Koh Phangan is known mainly for its Full Moon parties on the beach at Hadrin
We installed ourselves in Hadrin and used that as a base for exploring the rest of the island. Hadrin now has a couple of gyms and a long flat beach so we took the opportunity to work off some of the Green Curry baggage we'd been building up by getting a gym pass and - surprising ourselves - doing a couple of early morning runs on the beach at sunrise. We started feeling a little bit old at this point as we were bumping into the people who were still partying from the night before whereas we'd settled into a restaurant to watch a movie or read a book.

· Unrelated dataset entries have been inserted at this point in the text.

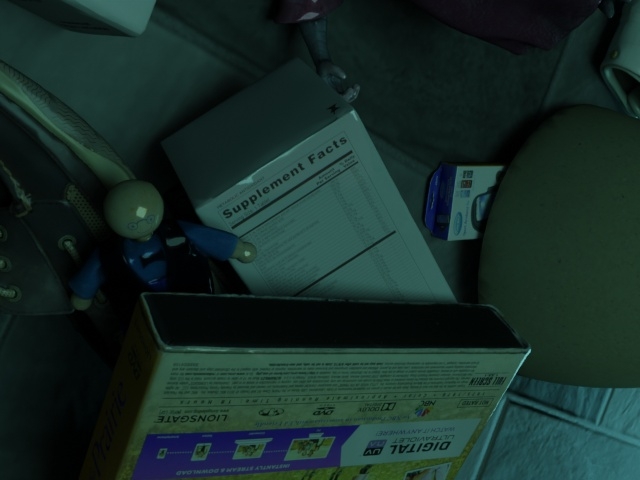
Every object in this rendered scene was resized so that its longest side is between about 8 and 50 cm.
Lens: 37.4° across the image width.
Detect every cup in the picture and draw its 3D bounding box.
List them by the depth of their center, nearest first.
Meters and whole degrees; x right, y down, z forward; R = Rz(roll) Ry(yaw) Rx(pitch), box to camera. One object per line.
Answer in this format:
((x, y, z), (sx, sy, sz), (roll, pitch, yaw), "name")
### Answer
((0.367, 0.030, 1.044), (0.331, 0.237, 0.331), (-18, 116, -41), "cup")

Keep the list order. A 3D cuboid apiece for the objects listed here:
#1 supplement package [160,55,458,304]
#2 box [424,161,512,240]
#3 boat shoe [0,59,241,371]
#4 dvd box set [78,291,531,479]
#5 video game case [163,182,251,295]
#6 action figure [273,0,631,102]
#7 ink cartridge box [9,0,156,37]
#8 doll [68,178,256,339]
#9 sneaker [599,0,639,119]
((0.000, 0.000, 0.764), (0.139, 0.134, 0.244), (-32, 124, -3), "supplement package")
((0.169, -0.043, 1.017), (0.136, 0.028, 0.081), (-5, 106, -41), "box")
((-0.191, -0.005, 0.664), (0.130, 0.132, 0.355), (-51, 128, -14), "boat shoe")
((-0.049, 0.226, 0.754), (0.308, 0.062, 0.420), (4, 123, -31), "dvd box set")
((-0.013, 0.022, 0.888), (0.196, 0.026, 0.274), (-37, 122, -26), "video game case")
((0.062, -0.274, 0.760), (0.370, 0.248, 0.275), (12, 59, -17), "action figure")
((-0.215, -0.281, 0.572), (0.289, 0.122, 0.211), (23, 87, -41), "ink cartridge box")
((-0.103, 0.032, 0.643), (0.129, 0.046, 0.189), (-20, 133, -6), "doll")
((0.452, -0.197, 1.165), (0.293, 0.108, 0.169), (27, 86, -31), "sneaker")
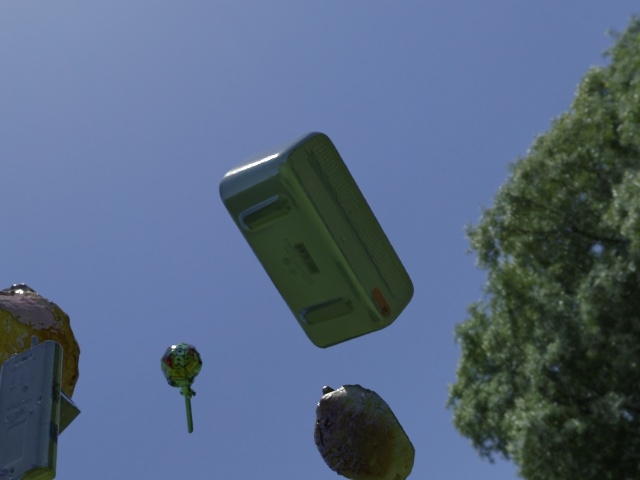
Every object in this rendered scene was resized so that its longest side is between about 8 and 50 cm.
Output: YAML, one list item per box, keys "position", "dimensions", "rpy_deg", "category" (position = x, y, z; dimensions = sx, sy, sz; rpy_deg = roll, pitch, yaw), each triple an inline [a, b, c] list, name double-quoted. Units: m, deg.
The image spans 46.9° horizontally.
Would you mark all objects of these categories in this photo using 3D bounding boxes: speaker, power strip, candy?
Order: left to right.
- position: [-0.395, 0.224, 0.996]
  dimensions: [0.092, 0.268, 0.034]
  rpy_deg: [-26, -49, 5]
  category: "power strip"
- position: [-0.288, 0.330, 1.570]
  dimensions: [0.083, 0.091, 0.306]
  rpy_deg: [9, -47, 5]
  category: "candy"
- position: [0.000, 0.000, 1.418]
  dimensions: [0.406, 0.184, 0.183]
  rpy_deg: [59, -137, -12]
  category: "speaker"

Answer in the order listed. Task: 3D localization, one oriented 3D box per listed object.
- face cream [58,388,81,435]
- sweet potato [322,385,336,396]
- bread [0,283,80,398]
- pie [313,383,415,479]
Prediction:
- position: [-0.501, 0.350, 1.152]
  dimensions: [0.283, 0.073, 0.073]
  rpy_deg: [-48, -42, -18]
  category: "face cream"
- position: [0.060, 0.446, 1.723]
  dimensions: [0.077, 0.077, 0.244]
  rpy_deg: [-33, -85, -13]
  category: "sweet potato"
- position: [-0.535, 0.211, 1.278]
  dimensions: [0.268, 0.268, 0.145]
  rpy_deg: [-57, -17, 12]
  category: "bread"
- position: [0.068, 0.324, 1.221]
  dimensions: [0.079, 0.193, 0.163]
  rpy_deg: [-4, -75, -51]
  category: "pie"
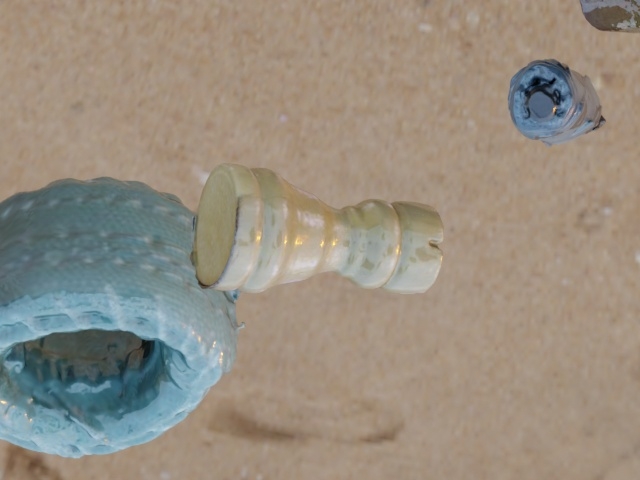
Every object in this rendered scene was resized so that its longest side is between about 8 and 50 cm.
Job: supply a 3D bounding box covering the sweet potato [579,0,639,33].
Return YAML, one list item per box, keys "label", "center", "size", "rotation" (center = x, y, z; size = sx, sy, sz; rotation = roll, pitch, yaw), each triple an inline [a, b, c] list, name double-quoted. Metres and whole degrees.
- label: "sweet potato"
  center: [0.291, -0.158, 1.006]
  size: [0.281, 0.067, 0.059]
  rotation: [1, 93, 42]

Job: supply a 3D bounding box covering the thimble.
- label: "thimble"
  center: [-0.174, 0.059, 1.287]
  size: [0.235, 0.143, 0.198]
  rotation: [-5, 139, 5]

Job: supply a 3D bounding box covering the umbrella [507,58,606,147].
- label: "umbrella"
  center: [0.166, -0.095, 1.167]
  size: [0.052, 0.250, 0.053]
  rotation: [-24, 88, 14]

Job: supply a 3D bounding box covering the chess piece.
- label: "chess piece"
  center: [0.000, 0.000, 0.860]
  size: [0.122, 0.066, 0.066]
  rotation: [8, 137, -25]
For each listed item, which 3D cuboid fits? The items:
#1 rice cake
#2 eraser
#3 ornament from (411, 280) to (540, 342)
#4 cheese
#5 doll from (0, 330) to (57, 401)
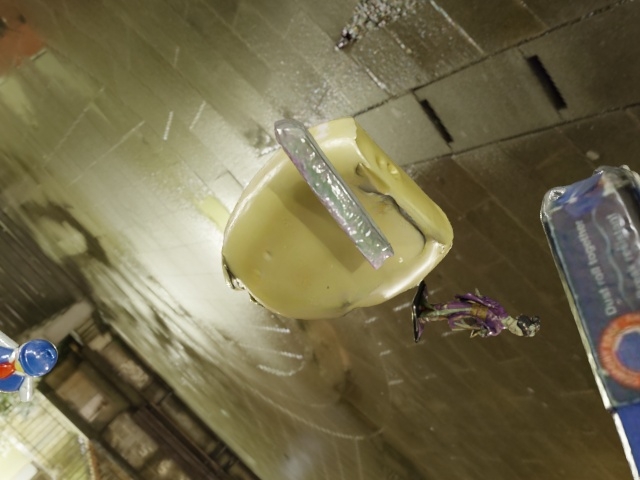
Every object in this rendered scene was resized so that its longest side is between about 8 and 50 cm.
[{"bbox_3d":[0.015,-0.048,0.676,0.207,0.036,0.047,51,177,-33],"label":"rice cake"},{"bbox_3d":[0.320,0.095,0.612,0.101,0.332,0.155,-27,149,33],"label":"eraser"},{"bbox_3d":[0.248,0.128,1.035,0.203,0.081,0.088,8,124,27],"label":"ornament"},{"bbox_3d":[0.000,0.000,0.863,0.316,0.128,0.259,-38,106,28],"label":"cheese"},{"bbox_3d":[-0.370,0.151,0.786,0.143,0.057,0.099,-18,98,30],"label":"doll"}]
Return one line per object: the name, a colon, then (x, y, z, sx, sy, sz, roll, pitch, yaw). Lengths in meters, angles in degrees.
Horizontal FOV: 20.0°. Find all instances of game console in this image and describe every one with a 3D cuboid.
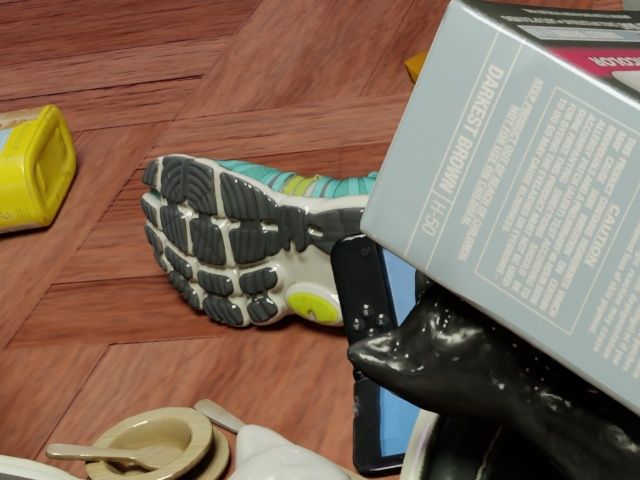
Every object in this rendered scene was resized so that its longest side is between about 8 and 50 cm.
game console: (0.080, 0.050, 1.002, 0.144, 0.124, 0.085, -11, 6, 10)

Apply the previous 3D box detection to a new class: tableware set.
tableware set: (-0.065, 0.131, 0.986, 0.128, 0.039, 0.194, -32, 31, -27)

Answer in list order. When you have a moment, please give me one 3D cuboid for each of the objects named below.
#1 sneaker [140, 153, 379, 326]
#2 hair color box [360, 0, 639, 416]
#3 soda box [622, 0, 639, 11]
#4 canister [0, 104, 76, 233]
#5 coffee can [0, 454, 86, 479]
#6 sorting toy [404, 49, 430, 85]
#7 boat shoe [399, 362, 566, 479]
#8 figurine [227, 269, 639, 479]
sneaker: (0.000, 0.000, 1.159, 0.275, 0.107, 0.110, 13, 23, 34)
hair color box: (0.220, 0.033, 0.715, 0.374, 0.114, 0.185, 35, 24, 29)
soda box: (0.352, -0.190, 1.291, 0.286, 0.091, 0.098, 13, 41, 44)
canister: (-0.285, -0.046, 1.406, 0.170, 0.073, 0.126, -9, 29, 12)
coffee can: (-0.119, 0.211, 0.549, 0.201, 0.202, 0.275, -18, 19, -2)
sorting toy: (0.181, -0.093, 1.273, 0.229, 0.041, 0.307, -25, 28, -6)
boat shoe: (0.164, 0.069, 0.879, 0.113, 0.127, 0.340, -8, 17, 42)
figurine: (0.068, 0.114, 0.717, 0.209, 0.092, 0.215, 36, 47, 18)

Although the Full moon party wasn't due for a few weeks there is a party every night: Half moon, Quarter moon, Black moon, and then warm-ups to all of the above. In the morning when we woke up we could always here the beat from a club still going form the night before. I had been to a Full Moon Party before and they are great fun but 7 years on it seems the place has become even more overrun with beer-swilling tourists and every scam under the sun to try and get said tourist as drunk and penniless as possible, ASAP
The rest of the island is a tropical paradise which we spent a few days exploring. Particularly up on the north eastern coast there are lots of white sandy coves which are exceptionally beautiful so we spent a couple of days up there relaxing under palm trees, playing in the waves and drinking fresh coconut - just what we were looking for. Almost a week slipped by so we made our next move over to the neighbouring island of Koh Tao which is based around the rather more wholesome diving industry. In preparation for the rest of trip's Scuba diving opportunities, Gaby wanted to get her PADI qualification and I needed to do a refresher course. Again before we'd even set foot on the island we'd been talked into seeing a particular diving resort; one of the biggest on the island: Ban's.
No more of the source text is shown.